Ich suche jetzt nach einer Möglichkeit das XML-File an einem Stück auszuwerten ohne die einzelnen Segmente durcheinander zu schmeißen. Hat da jemand eine Idee?

Danke schonmal
Jochen


----------



## tuxedo (5. Okt 2007)

Wenn jedes Objekt immer von seg1 bis seg6 geht kannst du ja in einem for oder while die XML lesen und immer 6 segmetnte zu einem Objekt zusammenfassen. Verstehe das Problem nicht wirklich....

- Alex


----------



## megalomaniac (5. Okt 2007)

Das Problem ist, dass die Segmente eben nicht immer sauber von 1 bis 6 durchnummeriert sind. Da können durchaus zwischendrin Segmente fehlen oder ein Segment mehrfach vorkommen.

Mit dem DOM-Parser hab ich ja immer nur die Möglichkeit zu sagen: "Hier ist mein Knoten! Gib mir alle anhängenden Kind-Knoten!" Und mit eben dieser Systematik komme ich hier nicht weiter...

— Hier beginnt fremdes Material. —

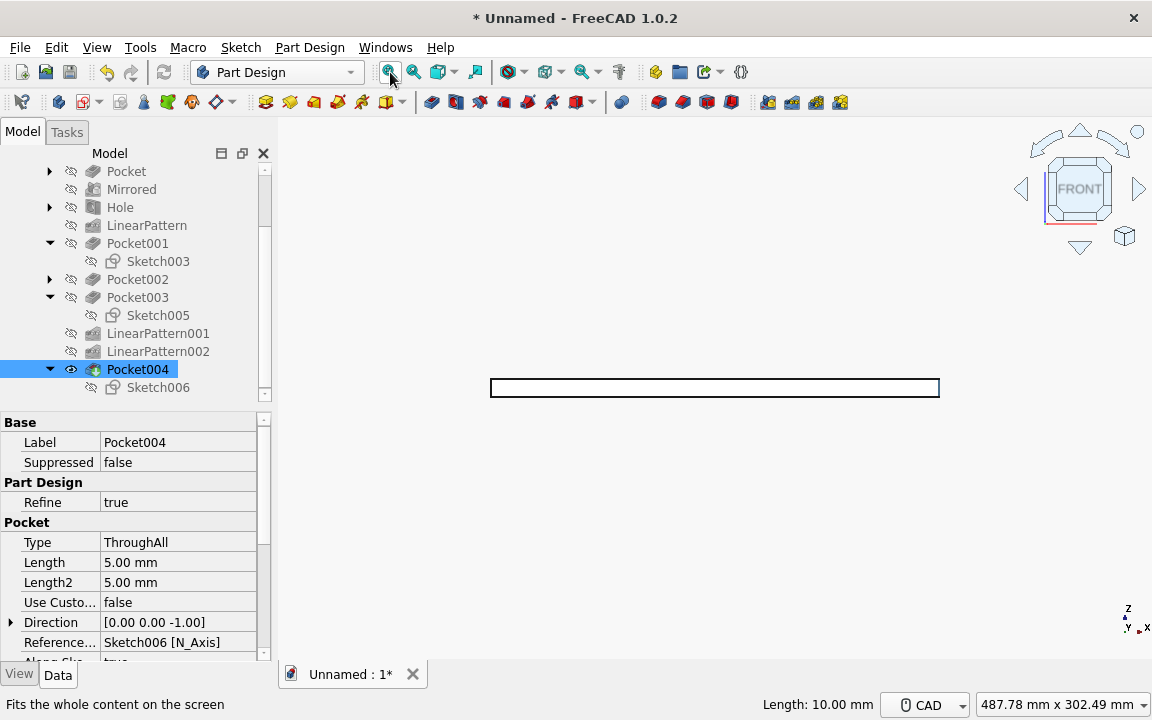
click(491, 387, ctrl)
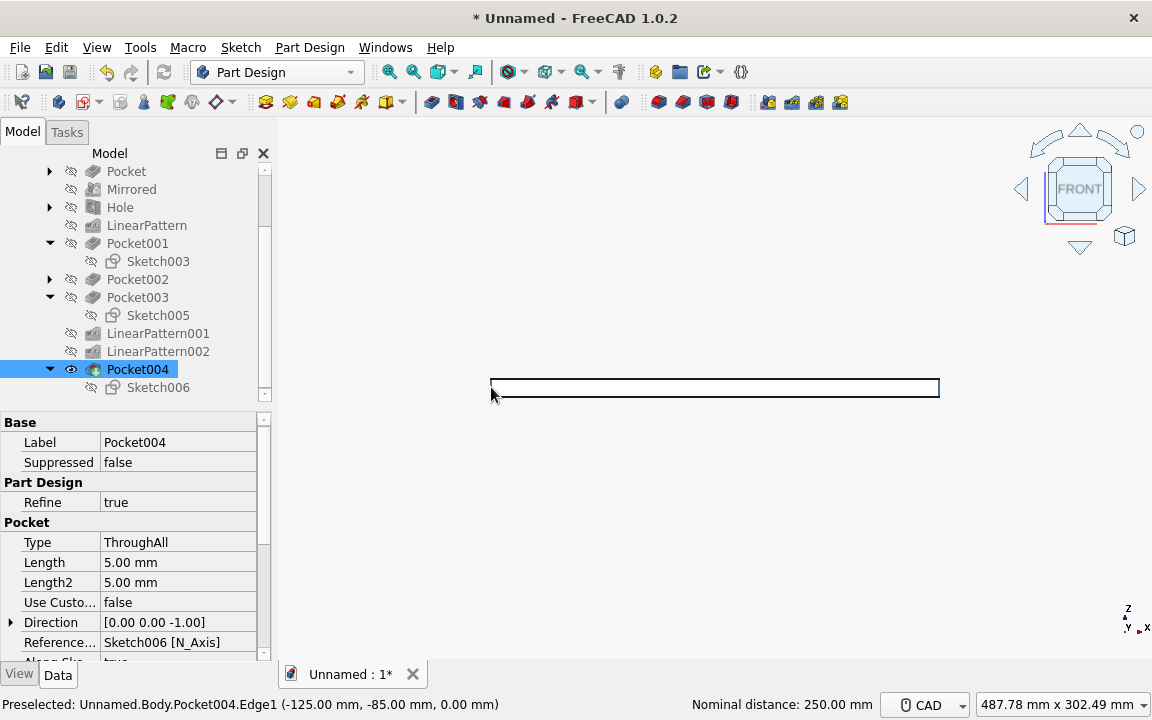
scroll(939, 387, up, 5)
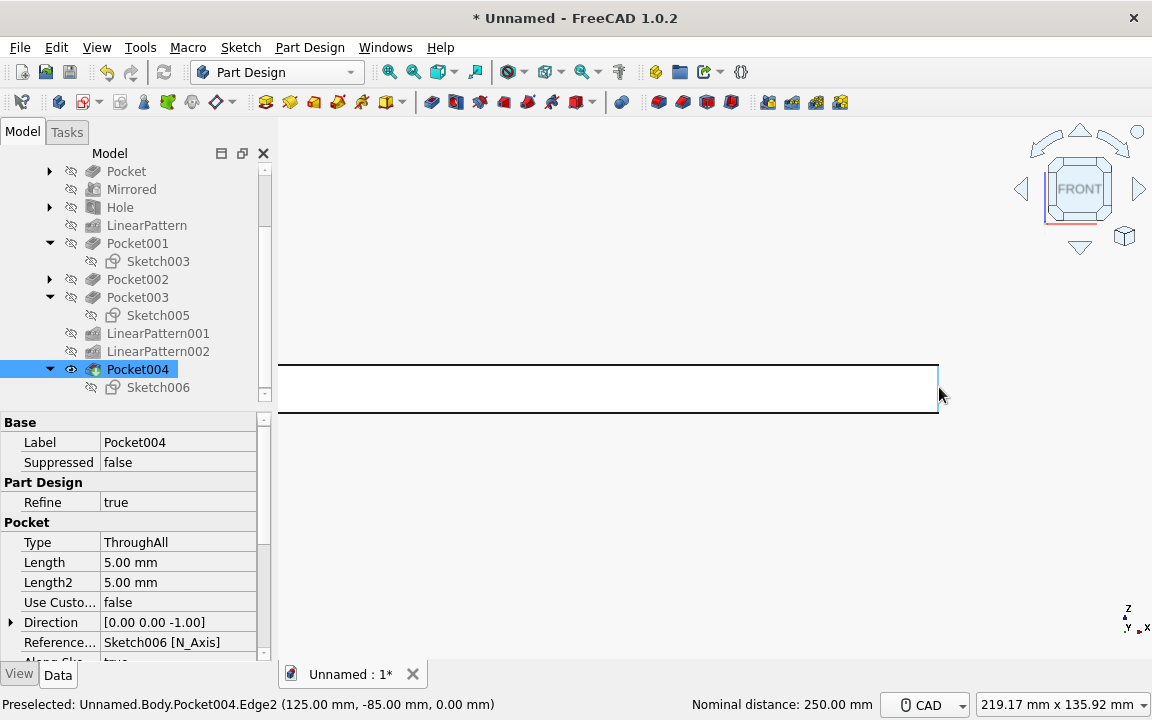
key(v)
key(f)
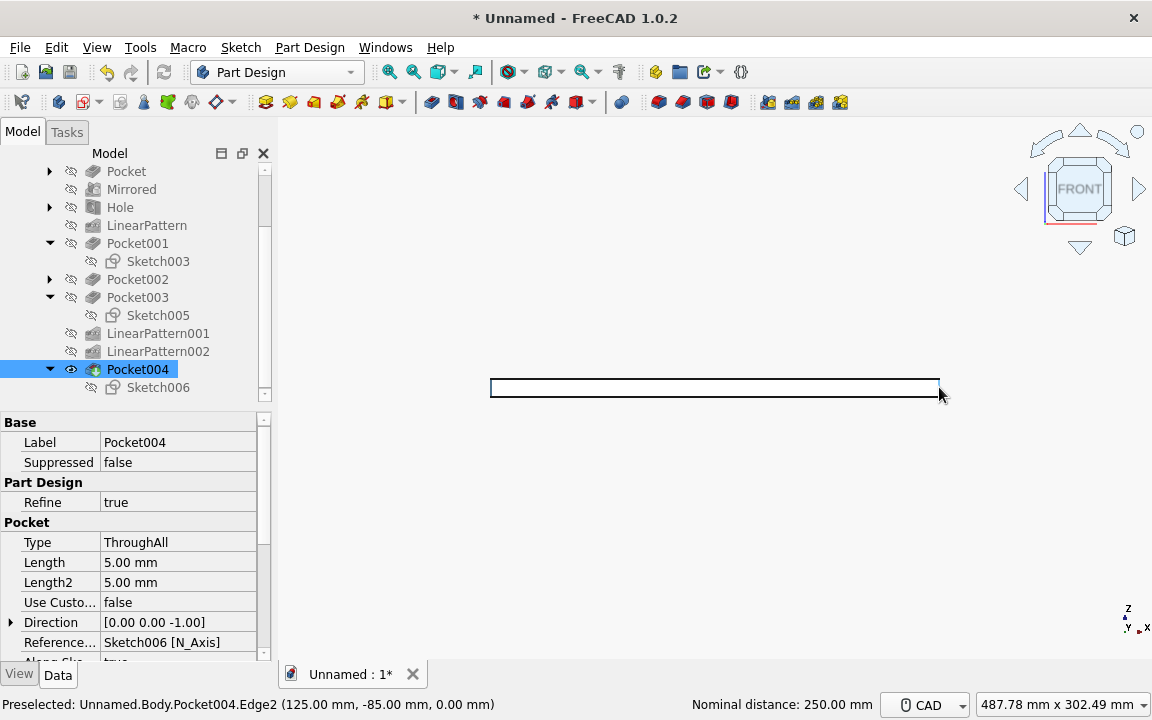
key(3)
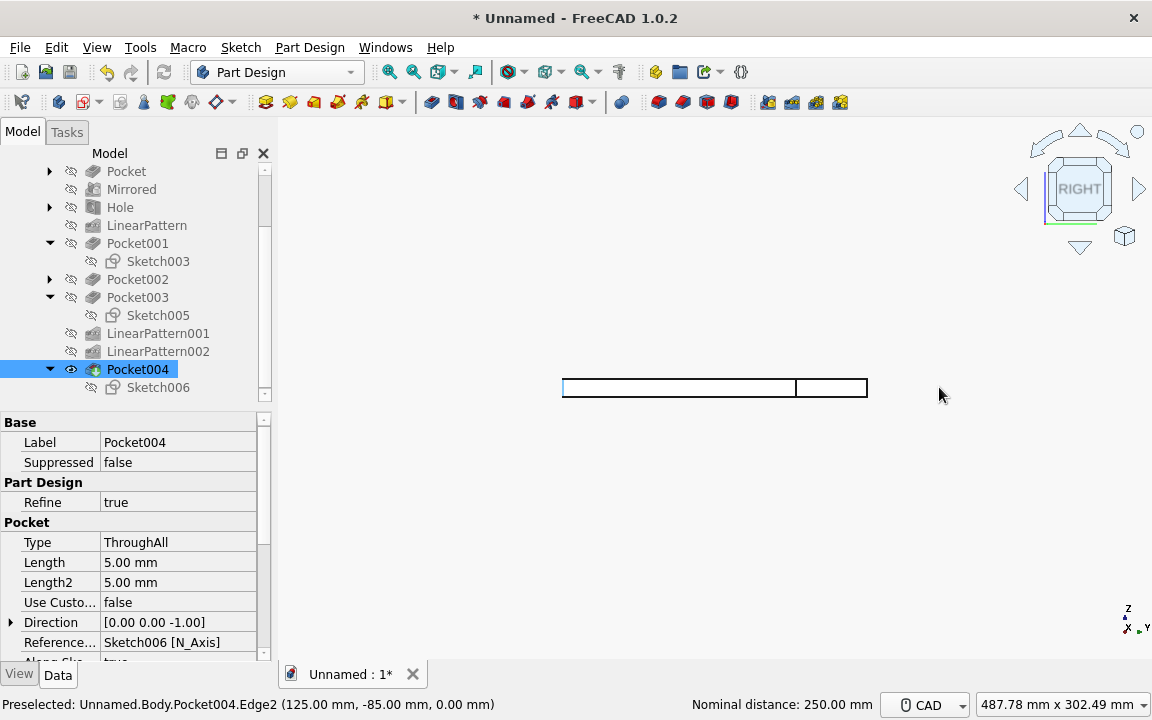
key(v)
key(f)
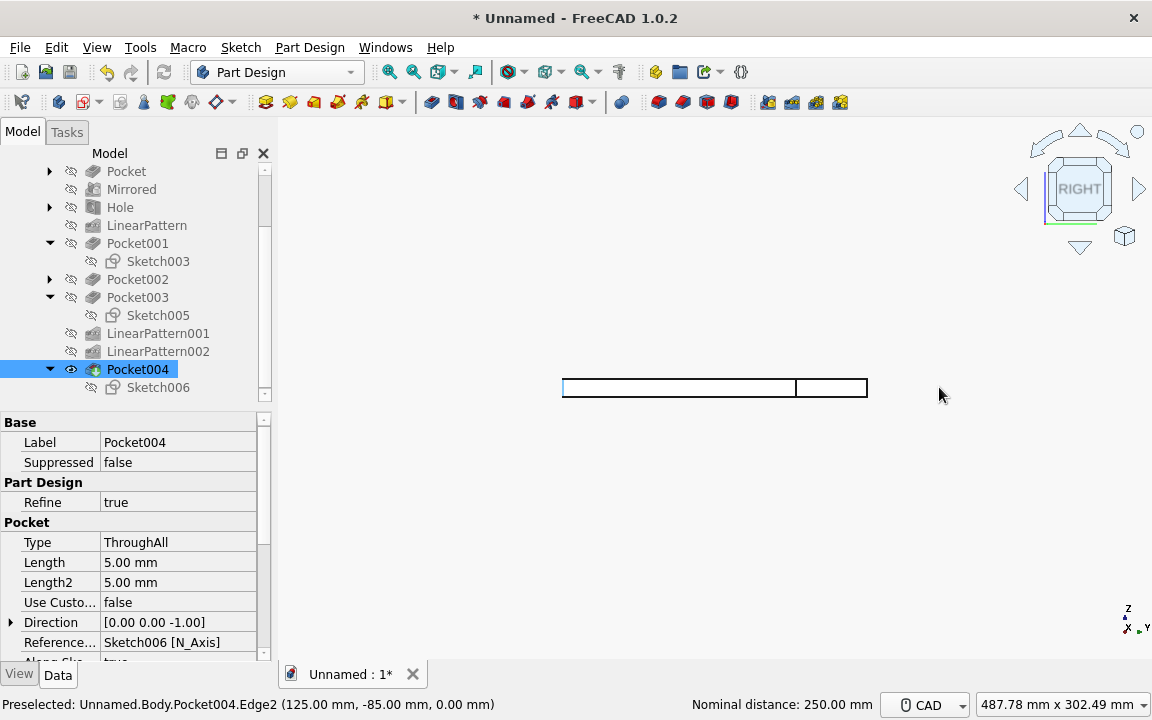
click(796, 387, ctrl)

Ich könnte jetzt natürlich hingehen, das XML in einen String konvertieren und per String-Operationen durchlatschen. Aber das geht doch sicher eleganter, wozu hab ich denn diesen blöden XML-Parser...


----------



## maki (5. Okt 2007)

> Aber das geht doch sicher eleganter, wozu hab ich denn diesen blöden XML-Parser... icon_wink.gif


Dann solten die XML Dokumente auch sauber aufgebaut sein


----------



## Murray (5. Okt 2007)

Woran erkennst du denn "beim Draufgucken" die Grenze zwischen zwei Objekten? Daran, dass Segment6 beendet wurde? Daran, dass Segment1 anfängt? Daran, dass ein Segment mit einer niedrigeren Nummer kommt als sein Vorgänger? Oder durch eine Leerzeile in der Datei? Im letzten Fall ist das wohl besser auf Textebene zu behandeln. Alles andere sollte doch möglich sein, wenn du die Child-Nodes von <mainSegment/> iterierst?


----------



## tuxedo (5. Okt 2007)

Murray hat gesagt.:
			
		

> Alles andere sollte doch möglich sein, wenn du die Child-Nodes von <mainSegment/> iterierst?



Das war ja auch mein Gedanke ...


----------